Monday, October 20, 2014

Published my first presentation on SpeakerDeck - using Python

By Vasudev Ram

SpeakerDeck is an online presentation service roughly like SlideShare. SpeakerDeck seems to have been created by Github Inc.

I just published my first presentation on SpeakerDeck. It is a quickstart tutorial for the vi editor. Note: vi, not vim. I had written the tutorial some years ago, when vim was not so widely used, and vi was the most common text editor on Unix systems.

About the tutorial:

I first wrote this vi quickstart tutorial for some friends at a company where I worked. They were Windows and network system administrators without prior Unix experience, and had been tasked with managing some Unix servers that the company had bought for client work. Since I had a Unix background, they asked me to create a quick tutorial on vi for them, which I did.

Later on, after learning the basics of vi from it, and spending some days using vi to edit Unix configuration files, write small shell scripts, etc., they told me that they had found the tutorial useful in getting up to speed on vi quickly.

So, some time later, I thought of publishing it, and sent an article proposal to Linux For You magazine (an Indian print magazine about Linux and open source software). The proposal was accepted and the article was published.

About generating the tutorial as PDF and uploading it to SpeakerDeck:

The original vi quickstart tutorial was in text format. Last year I wrote XMLtoPDFBook (as an application of xtopdf, my Python toolkit for PDF creation), which allows the user to create simple PDF e-books from XML files. So I converted the vi tutorial to XML format (*) and used it to test XMLtoPDFBook. I therefore had the tutorial available in PDF format.

(*) All you have to do for that - i.e. to convert a text file to the XML format supported by XMLtoPDFBook - is to insert each chapter's text as a <chapter> element in the XML file. Then give the XML file as the input to XMLtoPDFBook, and you're done.
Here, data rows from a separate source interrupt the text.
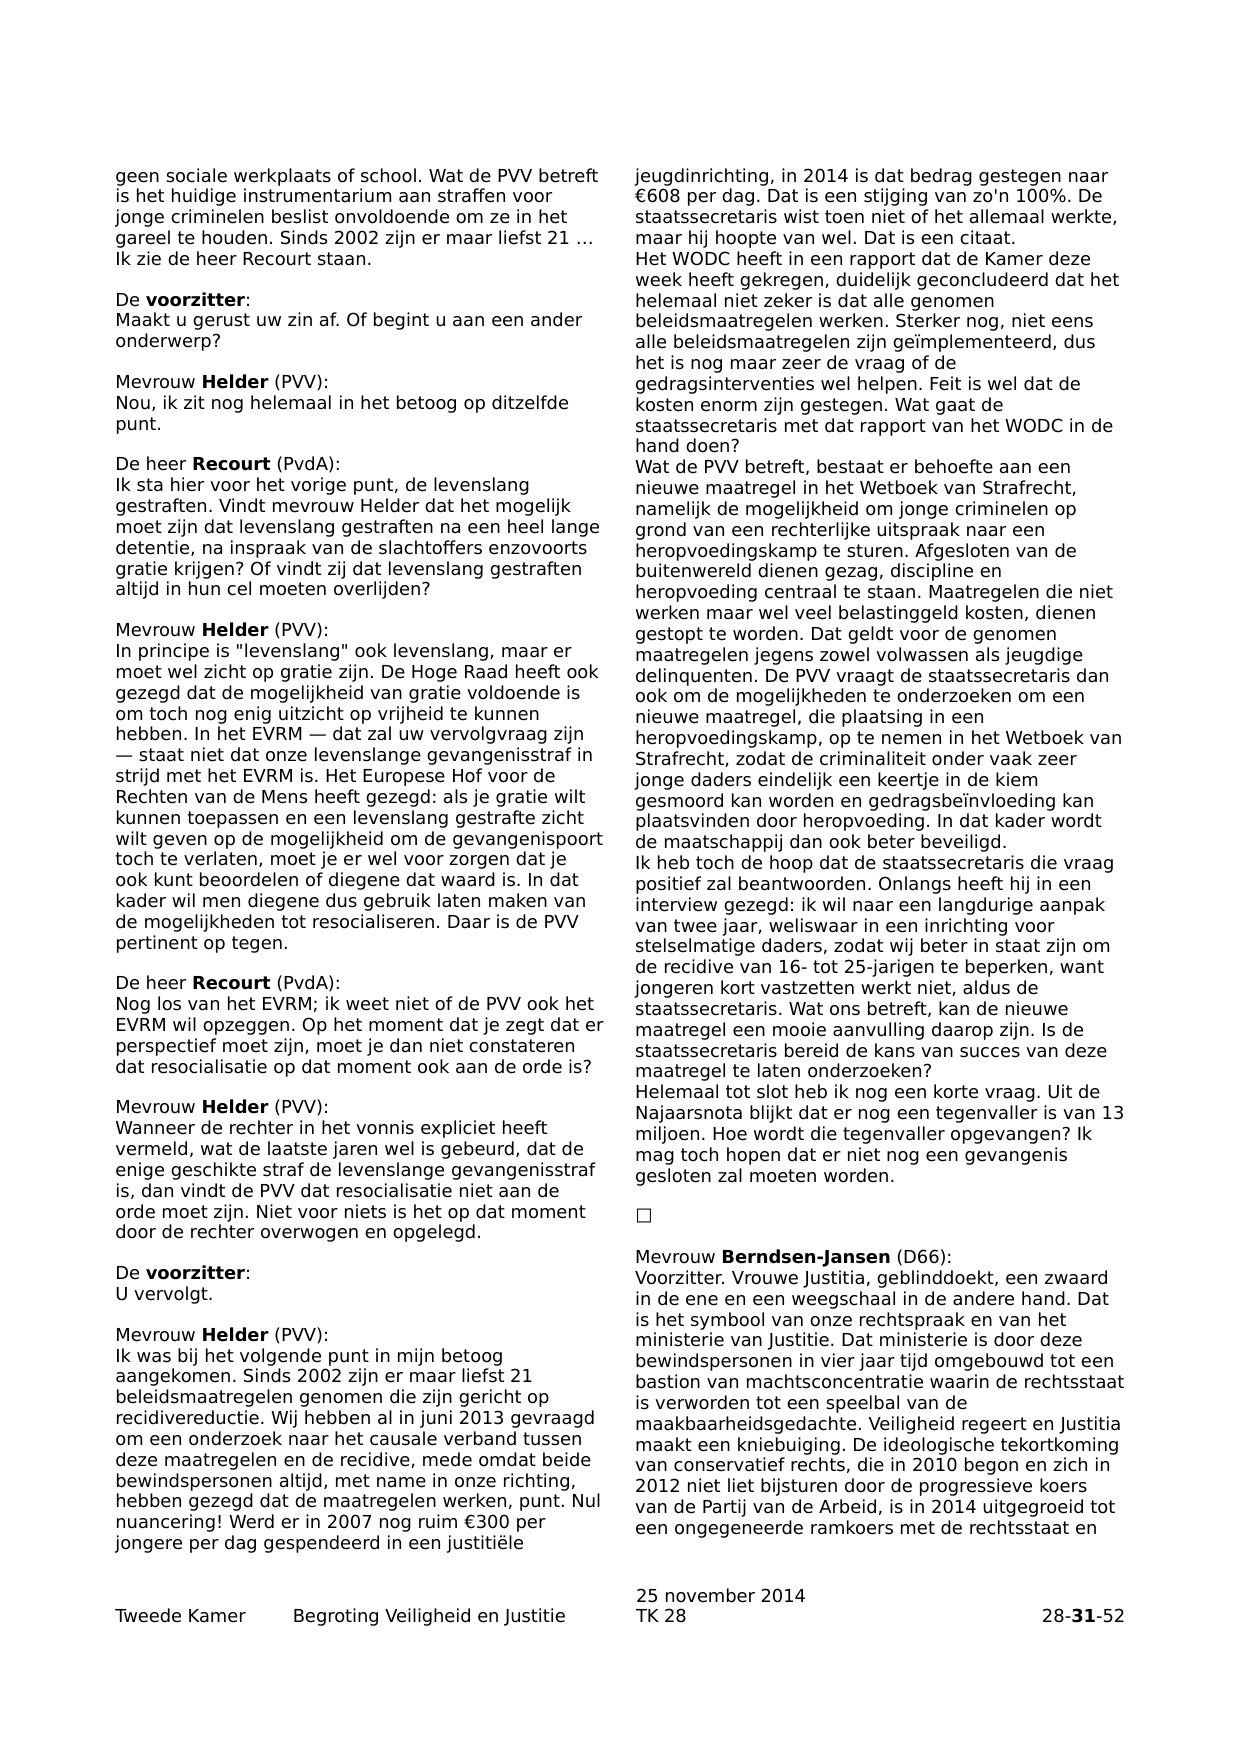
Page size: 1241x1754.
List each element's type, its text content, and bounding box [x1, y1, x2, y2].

text geen sociale werkplaats of school. Wat de PVV betreft is het huidige instrumentarium aan straffen voor jonge criminelen beslist onvoldoende om ze in het gareel te houden. Sinds 2002 zijn er maar liefst 21 … [115, 165, 605, 249]
text Ik was bij het volgende punt in mijn betoog aangekomen. Sinds 2002 zijn er maar liefst 21 beleidsmaatregelen genomen die zijn gericht op recidivereductie. Wij hebben al in juni 2013 gevraagd om een onderzoek naar het causale verband tussen deze maatregelen en de recidive, mede omdat beide bewindspersonen altijd, met name in onze richting, hebben gezegd dat de maatregelen werken, punt. Nul nuancering! Werd er in 2007 nog ruim €300 per jongere per dag gespendeerd in een justitiële [115, 1345, 605, 1554]
text Ik heb toch de hoop dat de staatssecretaris die vraag positief zal beantwoorden. Onlangs heeft hij in een interview gezegd: ik wil naar een langdurige aanpak van twee jaar, weliswaar in een inrichting voor stelselmatige daders, zodat wij beter in staat zijn om de recidive van 16- tot 25-jarigen te beperken, want jongeren kort vastzetten werkt niet, aldus de staatssecretaris. Wat ons betreft, kan de nieuwe maatregel een mooie aanvulling daarop zijn. Is de staatssecretaris bereid de kans van succes van deze maatregel te laten onderzoeken? [635, 853, 1125, 1082]
text In principe is "levenslang" ook levenslang, maar er moet wel zicht op gratie zijn. De Hoge Raad heeft ook gezegd dat de mogelijkheid van gratie voldoende is om toch nog enig uitzicht op vrijheid te kunnen hebben. In het EVRM — dat zal uw vervolgvraag zijn — staat niet dat onze levenslange gevangenisstraf in strijd met het EVRM is. Het Europese Hof voor de Rechten van de Mens heeft gezegd: als je gratie wilt kunnen toepassen en een levenslang gestrafte zicht wilt geven op de mogelijkheid om de gevangenispoort toch te verlaten, moet je er wel voor zorgen dat je ook kunt beoordelen of diegene dat waard is. In dat kader wil men diegene dus gebruik laten maken van de mogelijkheden tot resocialiseren. Daar is de PVV pertinent op tegen. [115, 641, 605, 953]
text jeugdinrichting, in 2014 is dat bedrag gestegen naar €608 per dag. Dat is een stijging van zo'n 100%. De staatssecretaris wist toen niet of het allemaal werkte, maar hij hoopte van wel. Dat is een citaat. [635, 165, 1125, 249]
text Wat de PVV betreft, bestaat er behoefte aan een nieuwe maatregel in het Wetboek van Strafrecht, namelijk de mogelijkheid om jonge criminelen op grond van een rechterlijke uitspraak naar een heropvoedingskamp te sturen. Afgesloten van de buitenwereld dienen gezag, discipline en heropvoeding centraal te staan. Maatregelen die niet werken maar wel veel belastinggeld kosten, dienen gestopt te worden. Dat geldt voor de genomen maatregelen jegens zowel volwassen als jeugdige delinquenten. De PVV vraagt de staatssecretaris dan ook om de mogelijkheden te onderzoeken om een nieuwe maatregel, die plaatsing in een heropvoedingskamp, op te nemen in het Wetboek van Strafrecht, zodat de criminaliteit onder vaak zeer jonge daders eindelijk een keertje in de kiem gesmoord kan worden en gedragsbeïnvloeding kan plaatsvinden door heropvoeding. In dat kader wordt de maatschappij dan ook beter beveiligd. [635, 457, 1125, 853]
text ⬜ [635, 1206, 1125, 1227]
text U vervolgt. [115, 1284, 605, 1304]
text Mevrouw Helder (PVV): [115, 620, 605, 641]
text Het WODC heeft in een rapport dat de Kamer deze week heeft gekregen, duidelijk geconcludeerd dat het helemaal niet zeker is dat alle genomen beleidsmaatregelen werken. Sterker nog, niet eens alle beleidsmaatregelen zijn geïmplementeerd, dus het is nog maar zeer de vraag of de gedragsinterventies wel helpen. Feit is wel dat de kosten enorm zijn gestegen. Wat gaat de staatssecretaris met dat rapport van het WODC in de hand doen? [635, 249, 1125, 457]
text Wanneer de rechter in het vonnis expliciet heeft vermeld, wat de laatste jaren wel is gebeurd, dat de enige geschikte straf de levenslange gevangenisstraf is, dan vindt de PVV dat resocialisatie niet aan de orde moet zijn. Niet voor niets is het op dat moment door de rechter overwogen en opgelegd. [115, 1118, 605, 1243]
text Mevrouw Helder (PVV): [115, 1324, 605, 1345]
text Nou, ik zit nog helemaal in het betoog op ditzelfde punt. [115, 393, 605, 434]
text Ik zie de heer Recourt staan. [115, 249, 605, 269]
text Ik sta hier voor het vorige punt, de levenslang gestraften. Vindt mevrouw Helder dat het mogelijk moet zijn dat levenslang gestraften na een heel lange detentie, na inspraak van de slachtoffers enzovoorts gratie krijgen? Of vindt zij dat levenslang gestraften altijd in hun cel moeten overlijden? [115, 475, 605, 600]
text Mevrouw Helder (PVV): [115, 372, 605, 393]
text Maakt u gerust uw zin af. Of begint u aan een ander onderwerp? [115, 310, 605, 352]
text De heer Recourt (PvdA): [115, 973, 605, 994]
text Mevrouw Berndsen-Jansen (D66): [635, 1247, 1125, 1268]
text De heer Recourt (PvdA): [115, 454, 605, 475]
text Mevrouw Helder (PVV): [115, 1097, 605, 1118]
text Nog los van het EVRM; ik weet niet of de PVV ook het EVRM wil opzeggen. Op het moment dat je zegt dat er perspectief moet zijn, moet je dan niet constateren dat resocialisatie op dat moment ook aan de orde is? [115, 994, 605, 1077]
text De voorzitter: [115, 1263, 605, 1284]
text De voorzitter: [115, 289, 605, 310]
text Helemaal tot slot heb ik nog een korte vraag. Uit de Najaarsnota blijkt dat er nog een tegenvaller is van 13 miljoen. Hoe wordt die tegenvaller opgevangen? Ik mag toch hopen dat er niet nog een gevangenis gesloten zal moeten worden. [635, 1082, 1125, 1186]
text Voorzitter. Vrouwe Justitia, geblinddoekt, een zwaard in de ene en een weegschaal in de andere hand. Dat is het symbool van onze rechtspraak en van het ministerie van Justitie. Dat ministerie is door deze bewindspersonen in vier jaar tijd omgebouwd tot een bastion van machtsconcentratie waarin de rechtsstaat is verworden tot een speelbal van de maakbaarheidsgedachte. Veiligheid regeert en Justitia maakt een kniebuiging. De ideologische tekortkoming van conservatief rechts, die in 2010 begon en zich in 2012 niet liet bijsturen door de progressieve koers van de Partij van de Arbeid, is in 2014 uitgegroeid tot een ongegeneerde ramkoers met de rechtsstaat en [635, 1268, 1125, 1538]

SpeakerDeck requires that presentations be uploaded in PDF format. It then converts them to slides. So I thought it would be a good test of SpeakerDeck and/or xtopdf, to upload this PDF generated by xtopdf to SpeakerDeck, and see how the result turned out. I did that today. Then I viewed the resulting SpeakerDeck presentation. It was good to see that the conversion turned out well, AFAICT. All pages seem to have got converted correctly into slides.
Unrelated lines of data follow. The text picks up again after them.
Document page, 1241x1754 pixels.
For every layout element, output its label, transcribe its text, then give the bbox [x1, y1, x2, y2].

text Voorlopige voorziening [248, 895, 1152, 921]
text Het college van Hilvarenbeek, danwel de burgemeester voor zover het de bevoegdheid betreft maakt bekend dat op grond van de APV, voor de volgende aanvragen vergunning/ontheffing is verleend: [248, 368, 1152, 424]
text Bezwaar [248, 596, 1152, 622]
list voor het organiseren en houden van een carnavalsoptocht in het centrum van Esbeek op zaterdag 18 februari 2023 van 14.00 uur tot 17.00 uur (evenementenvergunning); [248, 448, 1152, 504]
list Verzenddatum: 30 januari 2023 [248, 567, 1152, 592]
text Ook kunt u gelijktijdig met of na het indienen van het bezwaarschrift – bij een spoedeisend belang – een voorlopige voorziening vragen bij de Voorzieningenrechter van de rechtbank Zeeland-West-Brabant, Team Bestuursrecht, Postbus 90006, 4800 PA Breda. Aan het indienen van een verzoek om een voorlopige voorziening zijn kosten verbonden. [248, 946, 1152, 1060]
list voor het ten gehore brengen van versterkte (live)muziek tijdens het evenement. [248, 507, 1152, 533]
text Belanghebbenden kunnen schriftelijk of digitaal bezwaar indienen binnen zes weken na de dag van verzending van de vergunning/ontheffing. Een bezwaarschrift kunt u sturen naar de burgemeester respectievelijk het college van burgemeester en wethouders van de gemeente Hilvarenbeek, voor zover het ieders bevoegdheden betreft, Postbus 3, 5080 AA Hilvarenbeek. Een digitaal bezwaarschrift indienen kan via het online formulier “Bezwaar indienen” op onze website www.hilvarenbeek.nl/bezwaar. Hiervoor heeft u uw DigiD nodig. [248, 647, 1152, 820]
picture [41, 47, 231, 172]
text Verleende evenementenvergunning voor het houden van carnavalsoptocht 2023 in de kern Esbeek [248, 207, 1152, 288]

The presentation can be viewed here:

A vi quickstart tutorial

If you prefer plain text to presentations, you can read the vi quickstart tutorial here.
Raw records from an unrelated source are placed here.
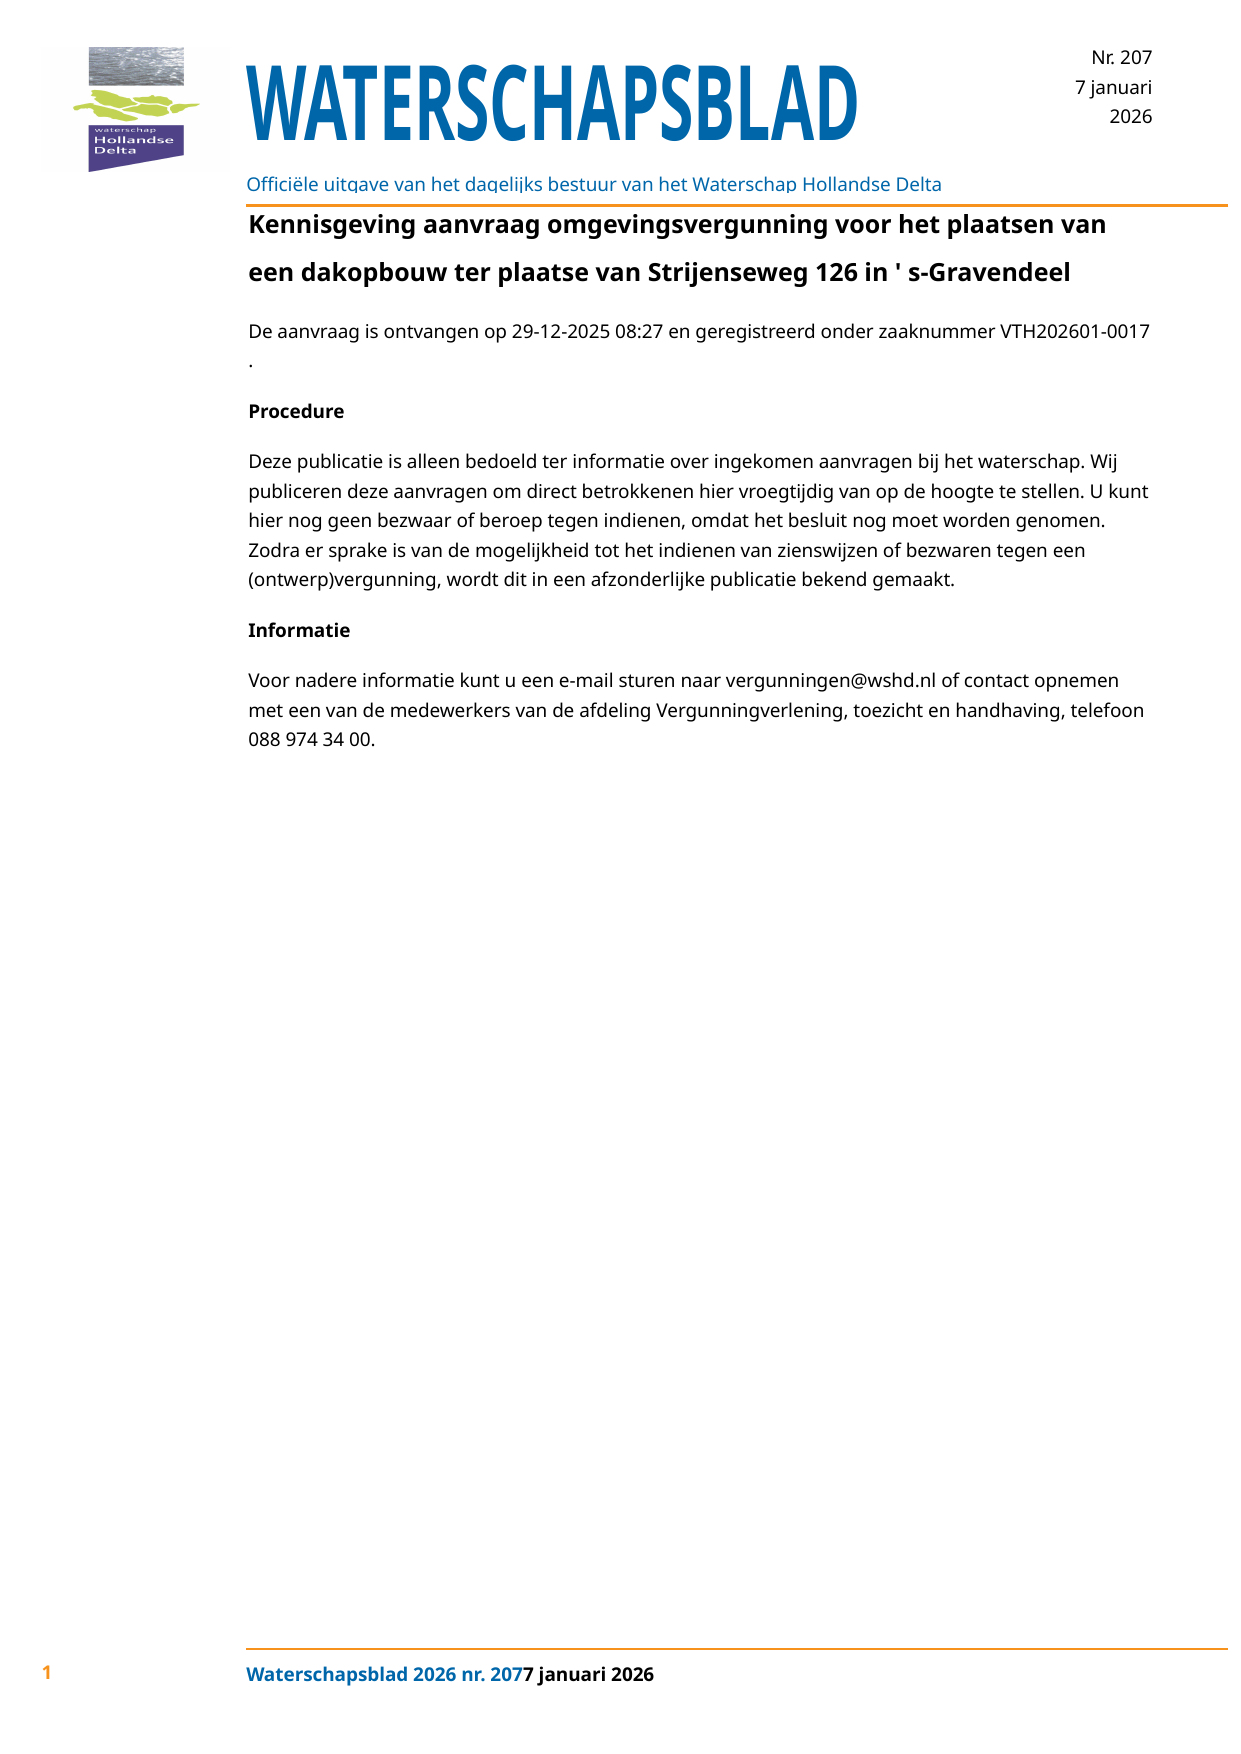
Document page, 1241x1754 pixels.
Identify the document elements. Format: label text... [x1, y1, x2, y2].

text Deze publicatie is alleen bedoeld ter informatie over ingekomen aanvragen bij het waterschap. Wij publiceren deze aanvragen om direct betrokkenen hier vroegtijdig van op de hoogte te stellen. U kunt hier nog geen bezwaar of beroep tegen indienen, omdat het besluit nog moet worden genomen. Zodra er sprake is van de mogelijkheid tot het indienen van zienswijzen of bezwaren tegen een (ontwerp)vergunning, wordt dit in een afzonderlijke publicatie bekend gemaakt. [248, 448, 1152, 592]
text Procedure [248, 398, 1152, 424]
picture [41, 47, 231, 172]
text Kennisgeving aanvraag omgevingsvergunning voor het plaatsen van een dakopbouw ter plaatse van Strijenseweg 126 in ' s-Gravendeel [248, 207, 1152, 288]
text Informatie [248, 617, 1152, 643]
text Voor nadere informatie kunt u een e-mail sturen naar vergunningen@wshd.nl of contact opnemen met een van de medewerkers van de afdeling Vergunningverlening, toezicht en handhaving, telefoon 088 974 34 00. [248, 667, 1152, 752]
text De aanvraag is ontvangen op 29-12-2025 08:27 en geregistreerd onder zaaknummer VTH202601-0017 . [248, 318, 1152, 373]

- Vasudev Ram - Dancing Bison Enterprises

Click here to signup for email notifications about new products and services from Vasudev Ram.

Contact Page

Wednesday, October 15, 2014

Let's do some magic with Python

By Vasudev Ram

python-magic is a Python wrapper for the libmagic C library which allows you to detect the type of a file by reading and deciphering the initial part of its contents, and/or by using the magic number database for file types. The Unix command called file uses libmagic internally. When you give the command:
$ file *
at a Unix command prompt, it gives you output showing its guess (using libmagic) as to the type of each file in the current directory (because the * is a wildcard that matches all the filenames in the current directory).

For example, if there are 10 files in the directory, it may detect and tell you that the 1st file is a text file, the 2nd is the source code of a C program, the 3rd is the object (compiled) code of that C program, the 4th is a PDF file, the 5th is an HTML file, the 6th is a Linux executable (which may be the end result of linking the object code mentioned earlier with some standard libraries), and so on.

Here is a simple example showing the use of the python-magic library:
>>> import magic
>>> magic.from_file("testdata/test.pdf")
'PDF document, version 1.2'
>>> magic.from_buffer(open("testdata/test.pdf").read(1024))
'PDF document, version 1.2'
>>> magic.from_file("testdata/test.pdf", mime=True)
Here is an example program that reads the list of files in the current directory, and for each file, prints the filename, the file type and the file's MIME type.
(I used the term MIME type loosely; it should really be called Internet media type.)

import os
import magic
from magic import from_file

def do_magic(filename):
    file_type = from_file(filename)
    mime_type = from_file(filename, mime=True)
    print "{}: {} | {}".format(filename, file_type, mime_type)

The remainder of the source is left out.